In the 8:30 class after the speaking test I told them goodbye, made sure they knew my email address and asked them to email from time to time to tell me what they were up to. They seemed pleased that I was interested in them.

Despite all the tests, I only had to stay 10 minutes later than normal to finish everything. I had started the evaluations about 10 days before, and flew through grading the writing tests. I did the last of my computer work, got rid of a few last things off my desk, and was struck by the sudden thought that I'm now unemployed!

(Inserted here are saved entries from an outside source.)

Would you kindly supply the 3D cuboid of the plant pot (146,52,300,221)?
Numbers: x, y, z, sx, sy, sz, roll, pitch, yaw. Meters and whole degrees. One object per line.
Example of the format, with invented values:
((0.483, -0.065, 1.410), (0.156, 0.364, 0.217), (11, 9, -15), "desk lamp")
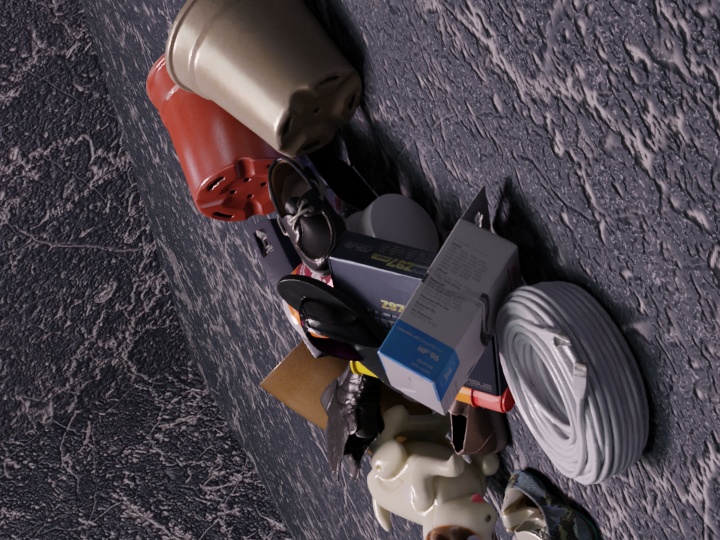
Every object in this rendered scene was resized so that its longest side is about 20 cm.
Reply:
((-0.171, -0.185, 1.902), (0.201, 0.200, 0.196), (93, 162, -61), "plant pot")

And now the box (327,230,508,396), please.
((0.069, 0.048, 1.563), (0.199, 0.051, 0.158), (15, 138, 24), "box")

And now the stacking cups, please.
((0.088, 0.116, 1.641), (0.199, 0.061, 0.061), (13, 136, 27), "stacking cups")

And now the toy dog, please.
((0.094, 0.292, 1.805), (0.139, 0.194, 0.200), (17, -155, -48), "toy dog")

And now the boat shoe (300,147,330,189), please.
((-0.079, -0.137, 2.002), (0.200, 0.070, 0.066), (101, 155, -69), "boat shoe")

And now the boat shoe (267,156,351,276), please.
((-0.064, -0.068, 1.655), (0.060, 0.074, 0.200), (38, -160, -34), "boat shoe")

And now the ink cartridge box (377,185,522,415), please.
((0.102, 0.030, 1.398), (0.068, 0.200, 0.116), (28, 166, 18), "ink cartridge box")

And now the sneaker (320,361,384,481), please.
((0.005, 0.168, 1.783), (0.200, 0.060, 0.104), (-57, 43, 37), "sneaker")

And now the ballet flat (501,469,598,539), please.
((0.200, 0.283, 1.634), (0.074, 0.074, 0.200), (70, 166, -13), "ballet flat")

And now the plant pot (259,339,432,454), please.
((-0.003, 0.156, 1.930), (0.200, 0.186, 0.186), (44, 165, -1), "plant pot")

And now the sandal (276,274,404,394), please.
((-0.013, 0.076, 1.574), (0.200, 0.048, 0.075), (38, 145, -4), "sandal")

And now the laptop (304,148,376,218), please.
((-0.024, -0.062, 1.823), (0.177, 0.103, 0.201), (-127, 34, -45), "laptop")

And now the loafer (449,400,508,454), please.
((0.120, 0.141, 1.689), (0.073, 0.071, 0.201), (32, 143, 66), "loafer")

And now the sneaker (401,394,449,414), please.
((0.095, 0.094, 1.748), (0.084, 0.074, 0.201), (27, 141, 34), "sneaker")

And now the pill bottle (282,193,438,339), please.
((0.000, 0.000, 1.690), (0.200, 0.114, 0.114), (-43, 68, 45), "pill bottle")

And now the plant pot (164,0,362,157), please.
((-0.102, -0.243, 1.710), (0.184, 0.200, 0.201), (46, 158, 25), "plant pot")

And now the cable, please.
((0.198, 0.104, 1.352), (0.200, 0.069, 0.201), (46, 156, 57), "cable")

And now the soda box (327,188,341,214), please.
((-0.064, -0.042, 2.047), (0.200, 0.063, 0.070), (105, 155, -63), "soda box")

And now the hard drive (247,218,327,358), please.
((-0.052, 0.014, 1.828), (0.042, 0.135, 0.200), (-46, 64, 38), "hard drive")

Miro said a nice goodbye—after all, I was her main co-teacher. Lisa nearly started crying, which nearly got me going. Jane translated for her. It's weird—we haven't been able to talk very much because of the language barrier, yet I like her better than some of the teachers. We always greet each other, do a little simple conversation, and show concern for each other. She's often the only one there when I come in for adult classes, and I think we have a mutual respect for the work that the other does. Julia (the secretary when I came) rarely did any work—she preferred to gossip all day long. She made no effort to speak with me—at all. The next secretary was tons better, but, and perhaps it was only because of personal problems, she often seemed unorganized and distracted. Lisa does a good job yet still manages to be friendly to the students and teachers.

Mr. Kim gave all the teachers Chuseok gifts—a huge box of shampoo, soaps, toothpastes, etc. and he gave me a going-away present of pottery. I gave both of them away—too big and heavy to carry home. I thanked Mr. Kim for my time at his school, saying I'd enjoyed it and learned a lot. As I left he was on the phone, but I bowed to him and he, although seated, gave me a low goodbye bow.

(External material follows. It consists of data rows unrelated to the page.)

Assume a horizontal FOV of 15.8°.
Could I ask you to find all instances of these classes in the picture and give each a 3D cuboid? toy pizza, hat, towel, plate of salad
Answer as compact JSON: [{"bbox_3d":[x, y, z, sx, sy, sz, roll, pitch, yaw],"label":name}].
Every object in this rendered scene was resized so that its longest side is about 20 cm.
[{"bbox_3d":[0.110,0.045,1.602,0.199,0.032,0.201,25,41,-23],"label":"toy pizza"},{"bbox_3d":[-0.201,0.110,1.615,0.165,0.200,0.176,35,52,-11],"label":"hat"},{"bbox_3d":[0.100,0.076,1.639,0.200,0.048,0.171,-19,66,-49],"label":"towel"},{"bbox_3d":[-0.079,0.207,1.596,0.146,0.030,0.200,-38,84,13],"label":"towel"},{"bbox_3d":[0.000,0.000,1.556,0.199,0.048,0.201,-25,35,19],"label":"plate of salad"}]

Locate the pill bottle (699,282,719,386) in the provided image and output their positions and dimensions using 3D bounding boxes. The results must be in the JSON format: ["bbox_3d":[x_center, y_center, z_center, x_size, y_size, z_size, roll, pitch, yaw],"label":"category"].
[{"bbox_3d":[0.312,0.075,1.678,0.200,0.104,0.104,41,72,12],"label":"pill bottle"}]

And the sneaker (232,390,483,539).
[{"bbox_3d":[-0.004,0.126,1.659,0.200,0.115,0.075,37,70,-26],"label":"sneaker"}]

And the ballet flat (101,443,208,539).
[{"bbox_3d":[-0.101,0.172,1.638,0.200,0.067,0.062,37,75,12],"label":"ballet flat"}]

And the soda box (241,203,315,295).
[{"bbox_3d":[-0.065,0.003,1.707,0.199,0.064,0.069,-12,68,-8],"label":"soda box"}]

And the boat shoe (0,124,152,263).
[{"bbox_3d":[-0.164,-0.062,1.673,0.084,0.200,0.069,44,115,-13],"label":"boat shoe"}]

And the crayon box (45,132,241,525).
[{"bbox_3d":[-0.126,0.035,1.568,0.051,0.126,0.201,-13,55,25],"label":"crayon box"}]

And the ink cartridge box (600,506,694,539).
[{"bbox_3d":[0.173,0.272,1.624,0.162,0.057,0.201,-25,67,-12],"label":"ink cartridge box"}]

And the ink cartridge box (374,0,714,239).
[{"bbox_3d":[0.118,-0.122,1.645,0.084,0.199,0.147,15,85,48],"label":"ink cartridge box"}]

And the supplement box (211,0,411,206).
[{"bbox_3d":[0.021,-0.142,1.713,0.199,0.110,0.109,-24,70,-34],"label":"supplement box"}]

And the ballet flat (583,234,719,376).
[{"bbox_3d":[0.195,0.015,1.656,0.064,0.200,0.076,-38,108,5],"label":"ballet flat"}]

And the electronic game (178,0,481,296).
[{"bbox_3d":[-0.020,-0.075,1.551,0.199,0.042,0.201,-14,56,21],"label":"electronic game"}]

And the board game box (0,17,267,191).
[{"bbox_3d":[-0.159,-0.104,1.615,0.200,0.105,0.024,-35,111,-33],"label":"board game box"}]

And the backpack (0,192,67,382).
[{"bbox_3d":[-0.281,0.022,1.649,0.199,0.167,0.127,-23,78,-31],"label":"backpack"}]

Jane offered to drive me home, since she was meeting her friend in Mugeo-dong. Joelle was going to go along with us, too, but after waiting in Jane's car for awhile Joelle text messaged Jane that she had to stay and talk with Mr. Kim, so we were to go on without her. So no goodbye to Joelle—too bad, I'll forever regret it….yeah right! I can't even begin to pretend about that!

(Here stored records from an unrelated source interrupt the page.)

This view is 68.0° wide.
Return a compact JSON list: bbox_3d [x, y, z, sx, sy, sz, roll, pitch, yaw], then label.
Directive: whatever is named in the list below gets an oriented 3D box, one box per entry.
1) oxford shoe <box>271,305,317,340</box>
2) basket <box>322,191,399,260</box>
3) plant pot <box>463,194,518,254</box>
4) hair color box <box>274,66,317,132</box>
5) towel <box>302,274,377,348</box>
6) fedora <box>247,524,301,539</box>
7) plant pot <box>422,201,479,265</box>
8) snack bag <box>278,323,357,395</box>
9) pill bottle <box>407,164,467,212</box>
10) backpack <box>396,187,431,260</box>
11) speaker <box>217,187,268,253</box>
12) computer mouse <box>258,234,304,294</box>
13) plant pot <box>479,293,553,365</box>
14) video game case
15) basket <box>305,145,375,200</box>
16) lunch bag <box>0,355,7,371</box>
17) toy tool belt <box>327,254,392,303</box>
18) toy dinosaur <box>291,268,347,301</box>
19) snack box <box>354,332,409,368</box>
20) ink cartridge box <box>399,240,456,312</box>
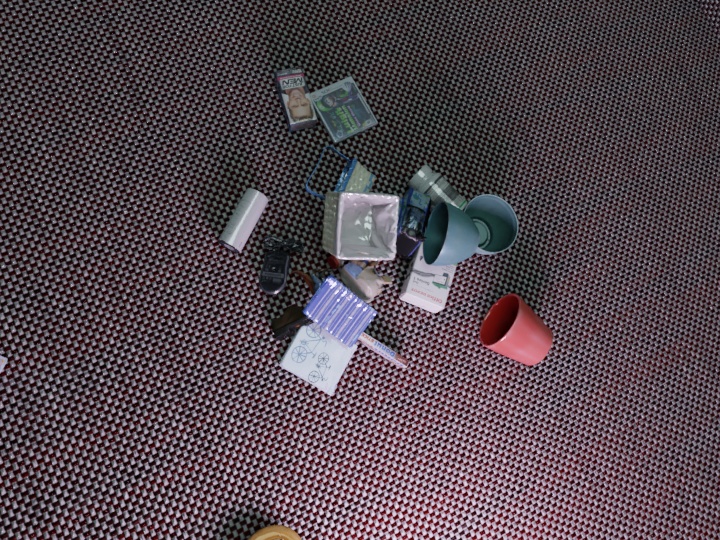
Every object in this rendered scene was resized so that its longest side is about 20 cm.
[{"bbox_3d":[-0.191,0.135,1.664,0.198,0.073,0.085,-26,69,-1],"label":"oxford shoe"},{"bbox_3d":[-0.004,-0.140,1.643,0.196,0.161,0.203,0,99,-23],"label":"basket"},{"bbox_3d":[0.419,-0.143,1.835,0.197,0.134,0.203,3,77,-12],"label":"plant pot"},{"bbox_3d":[-0.223,-0.589,1.838,0.099,0.061,0.203,-15,82,-14],"label":"hair color box"},{"bbox_3d":[-0.061,0.126,1.630,0.199,0.024,0.145,38,87,-16],"label":"towel"},{"bbox_3d":[-0.255,0.822,1.513,0.198,0.082,0.204,4,73,-15],"label":"fedora"},{"bbox_3d":[0.295,-0.104,1.686,0.133,0.200,0.203,12,76,-13],"label":"plant pot"},{"bbox_3d":[-0.129,0.265,1.692,0.198,0.021,0.190,30,74,-3],"label":"snack bag"},{"bbox_3d":[0.263,-0.261,1.840,0.200,0.113,0.113,45,73,1],"label":"pill bottle"},{"bbox_3d":[0.148,-0.168,1.761,0.145,0.183,0.202,22,64,-3],"label":"backpack"},{"bbox_3d":[-0.372,-0.161,1.703,0.080,0.081,0.202,26,74,-5],"label":"speaker"},{"bbox_3d":[-0.264,-0.009,1.709,0.137,0.053,0.202,12,67,1],"label":"computer mouse"},{"bbox_3d":[0.520,0.207,1.762,0.176,0.200,0.202,34,73,-13],"label":"plant pot"},{"bbox_3d":[-0.062,-0.567,1.886,0.180,0.023,0.202,-28,85,-16],"label":"video game case"},{"bbox_3d":[-0.066,-0.291,1.760,0.199,0.139,0.178,32,72,-16],"label":"basket"},{"bbox_3d":[-1.093,0.297,1.433,0.168,0.127,0.202,19,65,-9],"label":"lunch bag"},{"bbox_3d":[0.000,0.000,1.735,0.200,0.125,0.122,43,53,16],"label":"toy tool belt"},{"bbox_3d":[-0.114,0.086,1.726,0.197,0.105,0.184,-4,87,22],"label":"toy dinosaur"},{"bbox_3d":[0.061,0.249,1.707,0.199,0.072,0.024,33,72,-3],"label":"snack box"},{"bbox_3d":[0.230,0.020,1.785,0.144,0.084,0.202,20,73,-6],"label":"ink cartridge box"}]

I stayed up pretty late writing thank-you and I'll miss you notes to some of the students, then did some packing. It must have been around 2 AM when I went to sleep, then got up at 8 AM to meet Octavia to go to Busan. I haven't gotten back to a normal sleep schedule since then.

Saturday Octavia drove John and me to the Nampo-dong area. I expected her to do what she's done in the past and just drive to Nopo-dong and take the subway from there, but later I understood why she drove all the way to Nampo-dong.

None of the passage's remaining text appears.